#### EXERCISE DESCRIPTION:
Where the data below begins, start retyping exactly, and end on the line with "green matte block?", which is included; no picture goes in.

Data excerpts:
• • • •
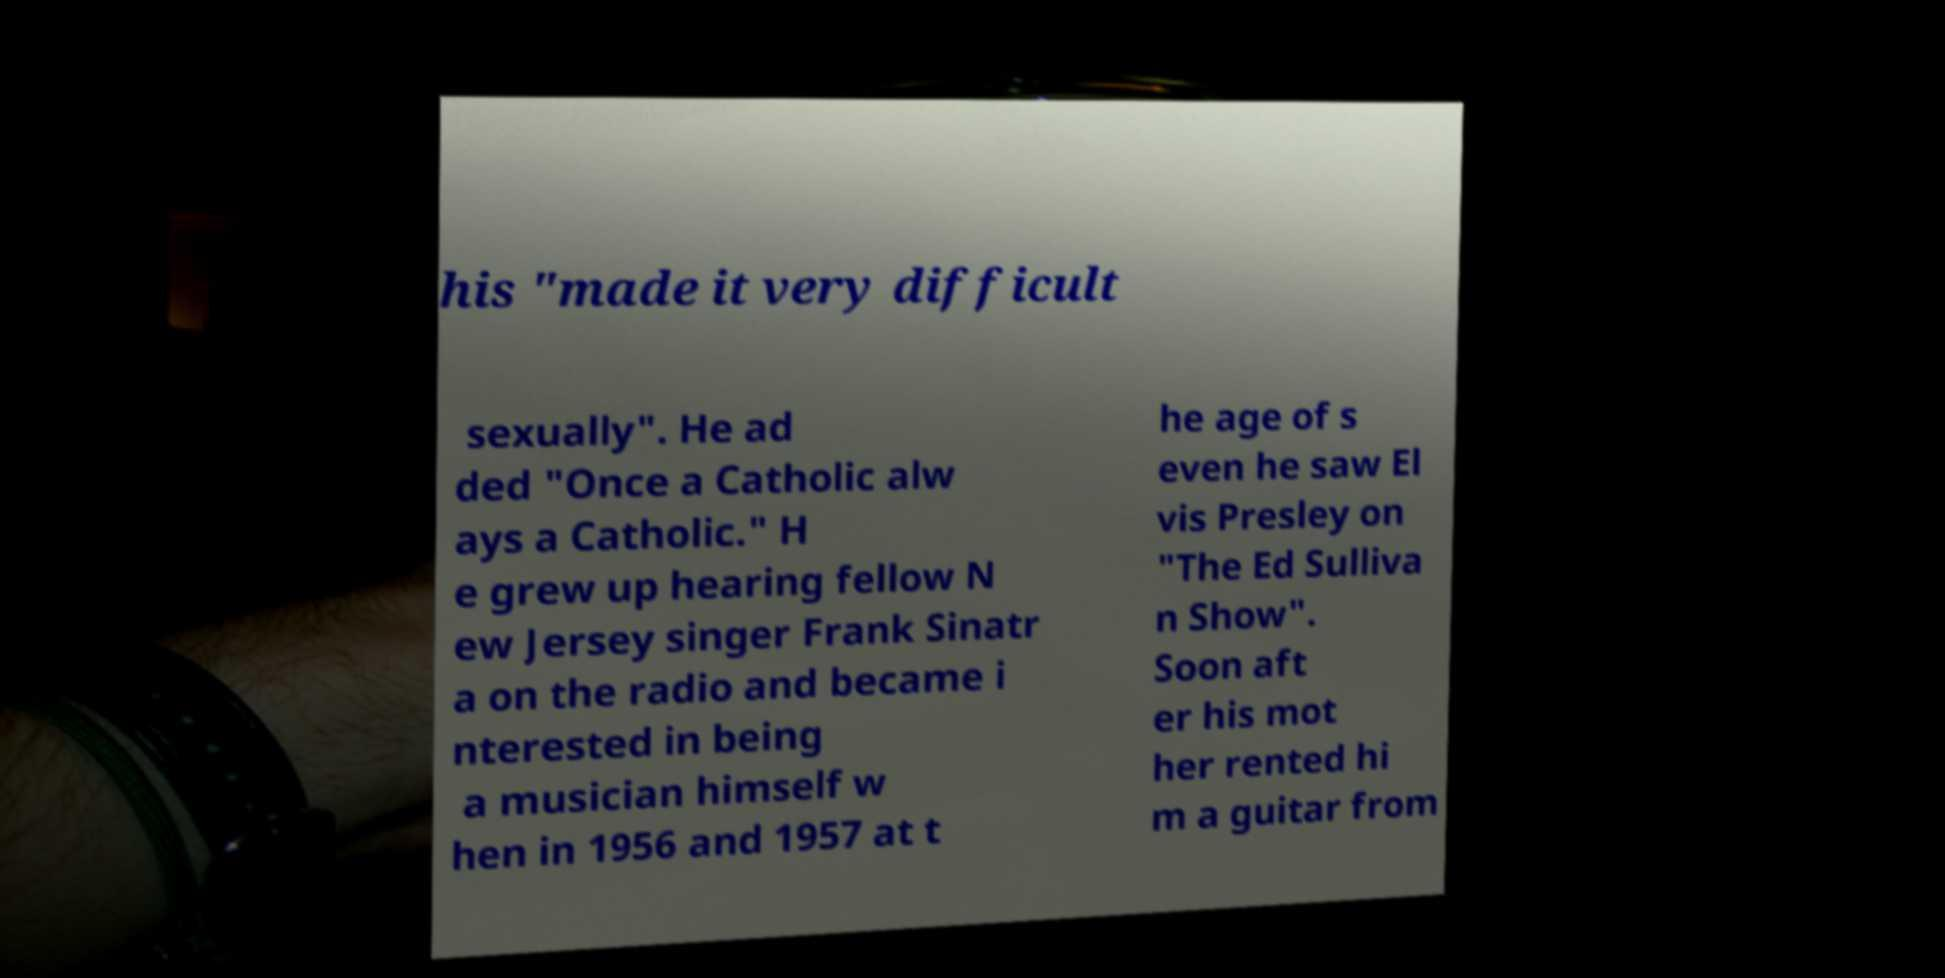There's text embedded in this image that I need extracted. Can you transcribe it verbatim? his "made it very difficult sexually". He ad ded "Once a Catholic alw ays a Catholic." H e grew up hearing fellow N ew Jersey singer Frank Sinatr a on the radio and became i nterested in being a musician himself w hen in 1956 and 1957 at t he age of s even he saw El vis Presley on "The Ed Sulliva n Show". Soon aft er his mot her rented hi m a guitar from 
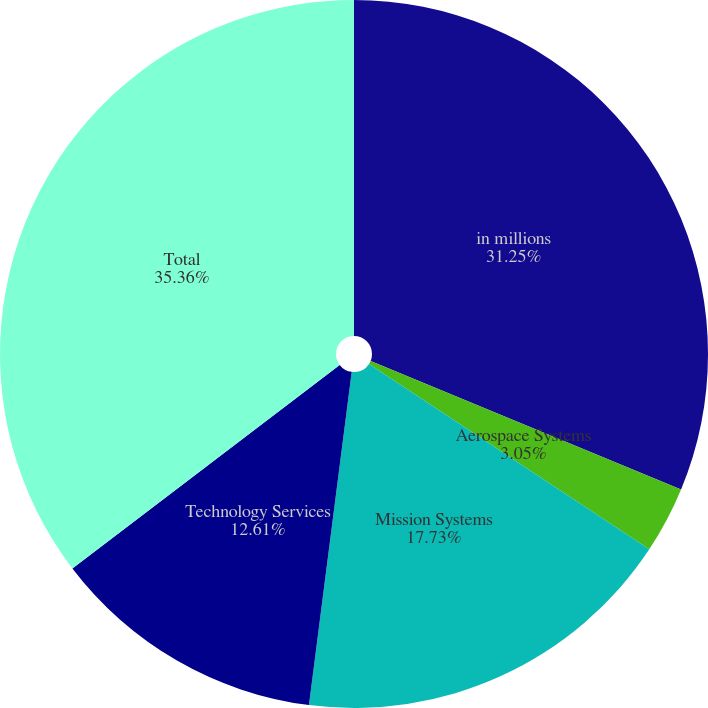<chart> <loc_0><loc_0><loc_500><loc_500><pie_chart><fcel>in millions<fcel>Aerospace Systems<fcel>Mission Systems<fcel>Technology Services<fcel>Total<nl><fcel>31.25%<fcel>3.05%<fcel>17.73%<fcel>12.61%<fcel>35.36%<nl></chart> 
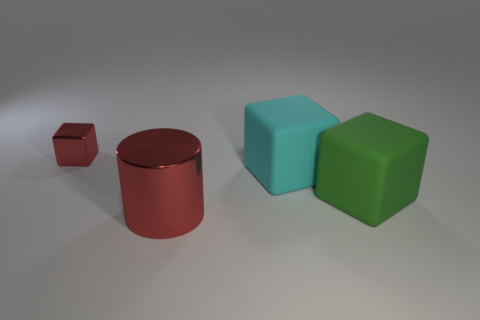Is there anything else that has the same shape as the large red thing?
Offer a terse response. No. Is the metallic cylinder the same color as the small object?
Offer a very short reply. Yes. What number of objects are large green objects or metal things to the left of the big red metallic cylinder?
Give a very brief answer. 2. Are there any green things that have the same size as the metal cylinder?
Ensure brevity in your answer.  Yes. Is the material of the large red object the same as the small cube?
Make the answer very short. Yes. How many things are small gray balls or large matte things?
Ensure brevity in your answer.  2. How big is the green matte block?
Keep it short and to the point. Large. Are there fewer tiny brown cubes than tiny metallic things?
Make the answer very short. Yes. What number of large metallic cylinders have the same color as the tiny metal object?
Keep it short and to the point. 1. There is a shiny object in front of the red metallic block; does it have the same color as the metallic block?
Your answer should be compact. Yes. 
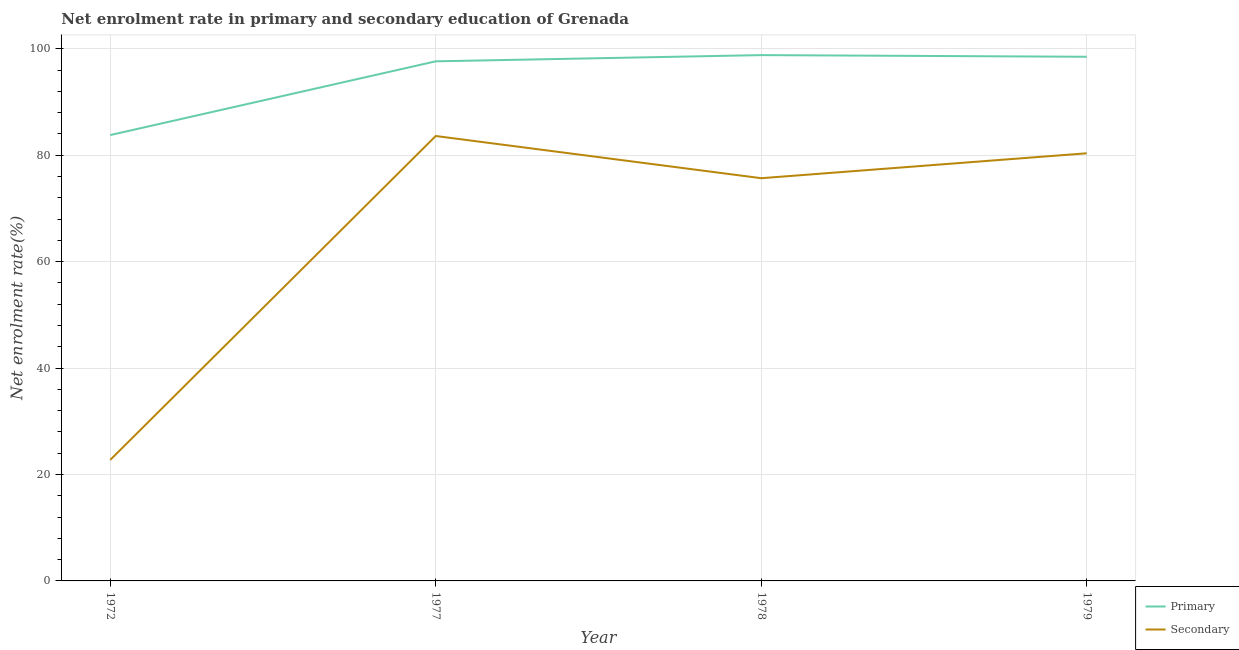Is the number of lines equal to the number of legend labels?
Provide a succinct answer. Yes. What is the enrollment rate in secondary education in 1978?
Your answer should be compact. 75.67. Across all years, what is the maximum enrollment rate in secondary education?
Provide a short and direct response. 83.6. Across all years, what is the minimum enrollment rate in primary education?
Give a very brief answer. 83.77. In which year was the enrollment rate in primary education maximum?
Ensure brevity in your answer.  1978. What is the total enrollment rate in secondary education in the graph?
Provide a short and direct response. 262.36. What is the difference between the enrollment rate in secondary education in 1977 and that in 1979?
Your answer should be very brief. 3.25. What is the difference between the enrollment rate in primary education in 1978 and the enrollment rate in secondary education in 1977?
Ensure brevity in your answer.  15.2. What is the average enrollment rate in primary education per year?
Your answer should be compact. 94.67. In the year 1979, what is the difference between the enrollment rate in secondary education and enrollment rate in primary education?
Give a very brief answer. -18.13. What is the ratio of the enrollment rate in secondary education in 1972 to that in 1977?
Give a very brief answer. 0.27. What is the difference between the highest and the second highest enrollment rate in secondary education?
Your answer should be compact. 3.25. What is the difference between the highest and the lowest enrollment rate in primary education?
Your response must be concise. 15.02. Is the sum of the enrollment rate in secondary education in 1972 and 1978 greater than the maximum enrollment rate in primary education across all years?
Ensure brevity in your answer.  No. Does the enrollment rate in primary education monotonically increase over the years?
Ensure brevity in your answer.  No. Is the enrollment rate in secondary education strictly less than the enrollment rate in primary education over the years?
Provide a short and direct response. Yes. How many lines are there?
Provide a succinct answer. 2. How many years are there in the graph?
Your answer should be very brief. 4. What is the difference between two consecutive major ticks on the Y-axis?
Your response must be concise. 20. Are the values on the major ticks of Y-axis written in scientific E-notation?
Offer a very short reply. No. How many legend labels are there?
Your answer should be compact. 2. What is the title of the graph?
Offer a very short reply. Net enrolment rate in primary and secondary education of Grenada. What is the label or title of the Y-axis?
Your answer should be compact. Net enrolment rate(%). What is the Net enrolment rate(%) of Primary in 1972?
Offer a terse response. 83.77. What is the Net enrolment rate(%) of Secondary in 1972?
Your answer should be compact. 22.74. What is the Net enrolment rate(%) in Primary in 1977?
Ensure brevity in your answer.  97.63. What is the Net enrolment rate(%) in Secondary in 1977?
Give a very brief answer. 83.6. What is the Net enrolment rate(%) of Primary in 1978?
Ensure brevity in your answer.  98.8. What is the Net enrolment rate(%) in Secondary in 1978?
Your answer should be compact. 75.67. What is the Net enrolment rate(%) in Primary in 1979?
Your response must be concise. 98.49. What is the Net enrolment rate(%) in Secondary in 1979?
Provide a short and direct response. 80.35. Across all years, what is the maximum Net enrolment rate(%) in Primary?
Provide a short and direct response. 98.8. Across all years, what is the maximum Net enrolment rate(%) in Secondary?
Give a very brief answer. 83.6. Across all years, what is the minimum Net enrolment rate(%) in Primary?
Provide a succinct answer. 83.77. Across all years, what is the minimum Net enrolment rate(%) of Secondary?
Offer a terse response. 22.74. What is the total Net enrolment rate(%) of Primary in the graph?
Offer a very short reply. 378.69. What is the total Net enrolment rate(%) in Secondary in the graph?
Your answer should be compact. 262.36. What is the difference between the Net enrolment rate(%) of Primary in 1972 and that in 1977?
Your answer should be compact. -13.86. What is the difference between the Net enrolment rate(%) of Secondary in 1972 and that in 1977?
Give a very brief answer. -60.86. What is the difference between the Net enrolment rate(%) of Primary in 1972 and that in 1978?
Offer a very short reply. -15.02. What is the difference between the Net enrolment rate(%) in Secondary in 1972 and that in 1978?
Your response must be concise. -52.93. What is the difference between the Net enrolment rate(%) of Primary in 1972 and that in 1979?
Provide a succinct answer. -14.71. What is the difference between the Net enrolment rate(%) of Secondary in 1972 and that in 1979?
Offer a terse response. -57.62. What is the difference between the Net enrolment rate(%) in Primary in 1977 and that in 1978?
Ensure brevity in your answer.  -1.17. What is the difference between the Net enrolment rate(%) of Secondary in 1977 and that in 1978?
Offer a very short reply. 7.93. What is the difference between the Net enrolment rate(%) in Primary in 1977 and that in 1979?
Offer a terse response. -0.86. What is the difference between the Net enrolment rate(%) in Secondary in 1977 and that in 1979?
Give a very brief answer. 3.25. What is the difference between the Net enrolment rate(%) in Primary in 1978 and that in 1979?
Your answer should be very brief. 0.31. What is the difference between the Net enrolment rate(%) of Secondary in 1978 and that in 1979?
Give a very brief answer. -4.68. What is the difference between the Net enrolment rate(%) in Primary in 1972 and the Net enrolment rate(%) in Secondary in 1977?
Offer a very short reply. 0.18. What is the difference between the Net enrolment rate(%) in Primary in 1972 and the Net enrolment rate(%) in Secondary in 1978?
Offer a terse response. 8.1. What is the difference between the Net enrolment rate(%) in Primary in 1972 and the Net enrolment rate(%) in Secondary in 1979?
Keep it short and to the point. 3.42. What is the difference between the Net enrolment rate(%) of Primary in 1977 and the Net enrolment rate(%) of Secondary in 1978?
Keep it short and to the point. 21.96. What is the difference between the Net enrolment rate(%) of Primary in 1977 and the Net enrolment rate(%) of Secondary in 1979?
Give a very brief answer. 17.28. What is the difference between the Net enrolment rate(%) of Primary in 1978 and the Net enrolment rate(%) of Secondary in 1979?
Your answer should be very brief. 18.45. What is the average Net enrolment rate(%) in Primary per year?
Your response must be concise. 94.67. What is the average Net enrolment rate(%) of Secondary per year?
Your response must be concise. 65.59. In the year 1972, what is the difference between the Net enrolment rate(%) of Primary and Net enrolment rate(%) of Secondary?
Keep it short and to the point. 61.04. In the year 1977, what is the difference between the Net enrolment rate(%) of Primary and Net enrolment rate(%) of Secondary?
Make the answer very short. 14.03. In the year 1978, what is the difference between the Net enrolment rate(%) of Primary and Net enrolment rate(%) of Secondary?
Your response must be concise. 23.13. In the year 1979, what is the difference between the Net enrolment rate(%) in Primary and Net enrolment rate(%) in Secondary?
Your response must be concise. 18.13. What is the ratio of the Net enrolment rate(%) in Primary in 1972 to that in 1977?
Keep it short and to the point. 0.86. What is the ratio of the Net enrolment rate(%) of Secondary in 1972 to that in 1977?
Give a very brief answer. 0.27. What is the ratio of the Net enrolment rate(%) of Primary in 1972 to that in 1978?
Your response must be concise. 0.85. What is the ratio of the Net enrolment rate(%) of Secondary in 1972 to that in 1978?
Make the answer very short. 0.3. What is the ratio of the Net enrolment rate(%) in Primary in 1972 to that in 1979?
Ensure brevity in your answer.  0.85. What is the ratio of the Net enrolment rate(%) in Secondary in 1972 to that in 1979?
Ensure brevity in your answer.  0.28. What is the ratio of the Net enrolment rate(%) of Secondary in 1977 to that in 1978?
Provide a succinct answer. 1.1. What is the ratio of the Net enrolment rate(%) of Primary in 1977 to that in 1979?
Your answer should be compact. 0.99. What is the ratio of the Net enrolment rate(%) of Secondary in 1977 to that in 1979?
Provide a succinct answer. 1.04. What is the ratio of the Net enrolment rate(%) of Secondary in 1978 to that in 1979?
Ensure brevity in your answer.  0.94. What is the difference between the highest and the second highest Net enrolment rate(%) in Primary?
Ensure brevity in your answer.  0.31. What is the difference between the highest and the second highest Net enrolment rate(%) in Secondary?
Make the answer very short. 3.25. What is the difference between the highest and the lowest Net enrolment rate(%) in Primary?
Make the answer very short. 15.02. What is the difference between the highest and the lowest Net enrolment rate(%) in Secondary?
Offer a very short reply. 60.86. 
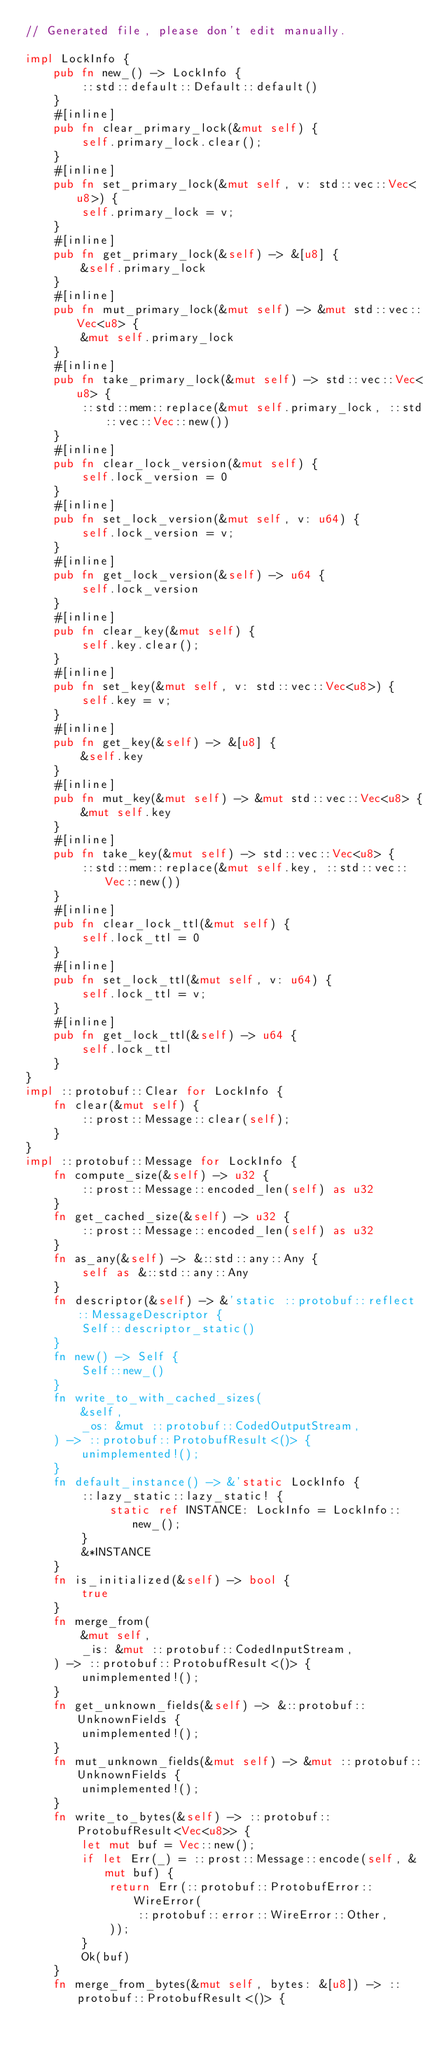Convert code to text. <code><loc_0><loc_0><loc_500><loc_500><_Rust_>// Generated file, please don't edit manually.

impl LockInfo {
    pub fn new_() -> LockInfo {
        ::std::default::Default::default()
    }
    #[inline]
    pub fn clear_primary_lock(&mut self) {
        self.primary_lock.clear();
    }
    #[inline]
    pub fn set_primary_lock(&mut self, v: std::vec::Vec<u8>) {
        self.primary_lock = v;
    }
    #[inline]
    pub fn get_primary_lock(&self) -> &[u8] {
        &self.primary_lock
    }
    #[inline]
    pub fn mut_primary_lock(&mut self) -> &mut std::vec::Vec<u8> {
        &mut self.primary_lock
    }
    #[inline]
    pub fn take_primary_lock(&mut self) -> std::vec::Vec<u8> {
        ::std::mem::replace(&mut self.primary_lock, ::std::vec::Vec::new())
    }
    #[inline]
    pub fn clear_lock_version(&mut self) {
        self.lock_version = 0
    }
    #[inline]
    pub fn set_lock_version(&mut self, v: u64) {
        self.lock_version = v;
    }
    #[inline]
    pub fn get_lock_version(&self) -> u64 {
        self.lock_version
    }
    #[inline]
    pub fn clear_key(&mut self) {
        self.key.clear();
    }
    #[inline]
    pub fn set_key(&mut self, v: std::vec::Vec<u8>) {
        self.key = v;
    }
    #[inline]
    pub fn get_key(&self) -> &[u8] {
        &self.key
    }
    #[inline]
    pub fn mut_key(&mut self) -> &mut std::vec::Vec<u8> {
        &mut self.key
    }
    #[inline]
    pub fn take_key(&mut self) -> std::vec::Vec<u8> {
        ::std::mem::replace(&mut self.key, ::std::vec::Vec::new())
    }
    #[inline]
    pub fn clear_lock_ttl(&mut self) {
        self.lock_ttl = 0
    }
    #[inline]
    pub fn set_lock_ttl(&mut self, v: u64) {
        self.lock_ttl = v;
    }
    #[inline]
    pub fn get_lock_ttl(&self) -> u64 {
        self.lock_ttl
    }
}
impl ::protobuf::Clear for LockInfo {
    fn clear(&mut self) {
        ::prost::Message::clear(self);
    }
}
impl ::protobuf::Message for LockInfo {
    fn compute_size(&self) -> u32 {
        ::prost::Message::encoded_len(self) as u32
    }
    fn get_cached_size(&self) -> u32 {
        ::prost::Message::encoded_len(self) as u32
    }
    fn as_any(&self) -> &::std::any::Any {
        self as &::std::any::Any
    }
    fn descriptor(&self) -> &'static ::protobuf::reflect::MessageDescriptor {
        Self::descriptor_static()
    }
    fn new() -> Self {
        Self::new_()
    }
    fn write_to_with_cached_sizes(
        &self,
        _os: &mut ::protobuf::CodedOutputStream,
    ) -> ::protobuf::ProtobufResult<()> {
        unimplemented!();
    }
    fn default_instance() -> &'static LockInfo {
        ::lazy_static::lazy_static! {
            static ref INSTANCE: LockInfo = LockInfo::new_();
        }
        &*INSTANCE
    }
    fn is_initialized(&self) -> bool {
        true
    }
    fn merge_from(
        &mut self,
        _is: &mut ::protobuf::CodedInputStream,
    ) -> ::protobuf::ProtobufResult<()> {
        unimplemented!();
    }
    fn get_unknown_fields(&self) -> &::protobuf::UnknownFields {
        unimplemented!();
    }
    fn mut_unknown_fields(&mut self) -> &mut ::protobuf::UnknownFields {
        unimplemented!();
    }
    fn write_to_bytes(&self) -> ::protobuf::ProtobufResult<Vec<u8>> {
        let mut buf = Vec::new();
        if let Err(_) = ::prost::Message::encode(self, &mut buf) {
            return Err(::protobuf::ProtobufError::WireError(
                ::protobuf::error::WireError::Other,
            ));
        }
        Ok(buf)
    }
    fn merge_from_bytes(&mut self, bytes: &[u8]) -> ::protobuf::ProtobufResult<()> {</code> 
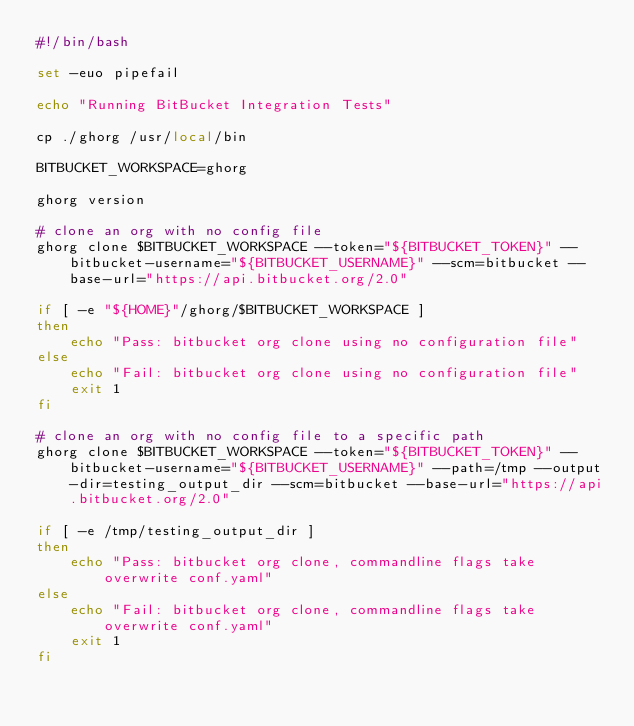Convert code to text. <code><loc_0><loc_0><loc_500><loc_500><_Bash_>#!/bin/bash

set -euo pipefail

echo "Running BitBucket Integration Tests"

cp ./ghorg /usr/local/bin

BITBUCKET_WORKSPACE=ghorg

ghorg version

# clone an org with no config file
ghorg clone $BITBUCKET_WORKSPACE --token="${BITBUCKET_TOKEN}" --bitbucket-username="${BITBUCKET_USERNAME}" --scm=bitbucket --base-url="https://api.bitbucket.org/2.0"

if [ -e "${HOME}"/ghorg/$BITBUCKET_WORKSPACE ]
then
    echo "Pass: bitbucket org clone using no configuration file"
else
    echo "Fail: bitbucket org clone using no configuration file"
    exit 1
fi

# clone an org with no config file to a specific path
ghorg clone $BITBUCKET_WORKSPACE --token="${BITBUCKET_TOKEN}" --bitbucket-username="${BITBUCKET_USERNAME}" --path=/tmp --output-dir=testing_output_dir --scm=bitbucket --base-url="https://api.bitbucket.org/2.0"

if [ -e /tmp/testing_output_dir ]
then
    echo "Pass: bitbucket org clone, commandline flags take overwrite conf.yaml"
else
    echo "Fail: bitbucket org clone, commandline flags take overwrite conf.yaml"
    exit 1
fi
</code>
• • • •
#### EXERCISE RESULT:
There's text embedded in this image that I need extracted. Can you transcribe it verbatim? his "made it very difficult sexually". He ad ded "Once a Catholic alw ays a Catholic." H e grew up hearing fellow N ew Jersey singer Frank Sinatr a on the radio and became i nterested in being a musician himself w hen in 1956 and 1957 at t he age of s even he saw El vis Presley on "The Ed Sulliva n Show". Soon aft er his mot her rented hi m a guitar from 
<chart> <loc_0><loc_0><loc_500><loc_500><pie_chart><fcel>in millions<fcel>Aerospace Systems<fcel>Mission Systems<fcel>Technology Services<fcel>Total<nl><fcel>31.25%<fcel>3.05%<fcel>17.73%<fcel>12.61%<fcel>35.36%<nl></chart> 
Is there anything else that has the same shape as the large red thing?
Offer a terse response. No. Is the metallic cylinder the same color as the small object?
Offer a very short reply. Yes. What number of objects are large green objects or metal things to the left of the big red metallic cylinder?
Give a very brief answer. 2. Are there any green things that have the same size as the metal cylinder?
Ensure brevity in your answer.  Yes. Is the material of the large red object the same as the small cube?
Make the answer very short. Yes. How many things are small gray balls or large matte things?
Ensure brevity in your answer.  2. How big is the green matte block?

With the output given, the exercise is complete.